======== Dataset entries

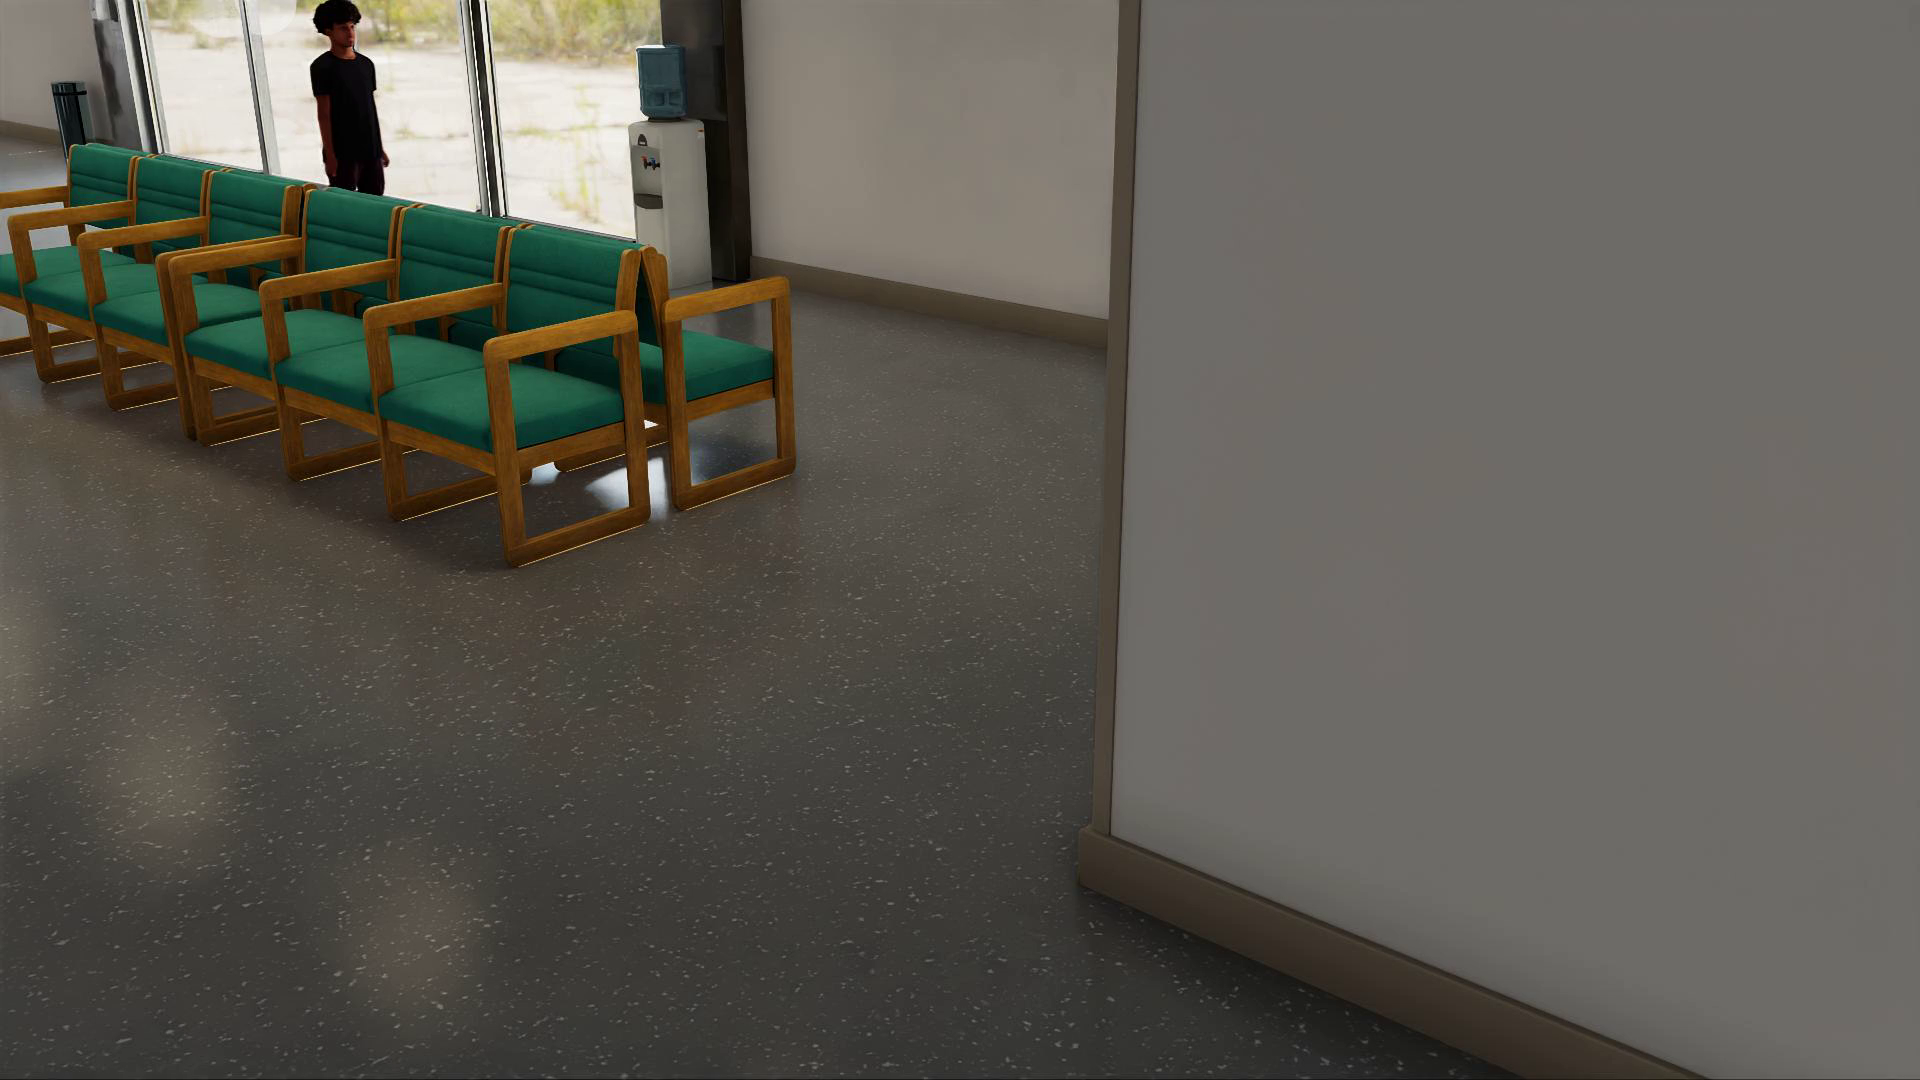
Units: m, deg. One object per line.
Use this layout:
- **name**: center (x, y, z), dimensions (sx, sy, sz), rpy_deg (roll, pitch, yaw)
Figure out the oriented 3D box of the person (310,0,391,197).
- **person**: center (-3.848, -2.503, 10.540), dimensions (0.719, 1.781, 0.534), rpy_deg (12, 24, 29)

================

Please repeat each record above precisely, with the pictures left out.

Units: m, deg. One object per line.
Use this layout:
- **name**: center (x, y, z), dimensions (sx, sy, sz), rpy_deg (roll, pitch, yaw)
Figure out the oriented 3D box of the person (310,0,391,197).
- **person**: center (-3.848, -2.503, 10.540), dimensions (0.719, 1.781, 0.534), rpy_deg (12, 24, 29)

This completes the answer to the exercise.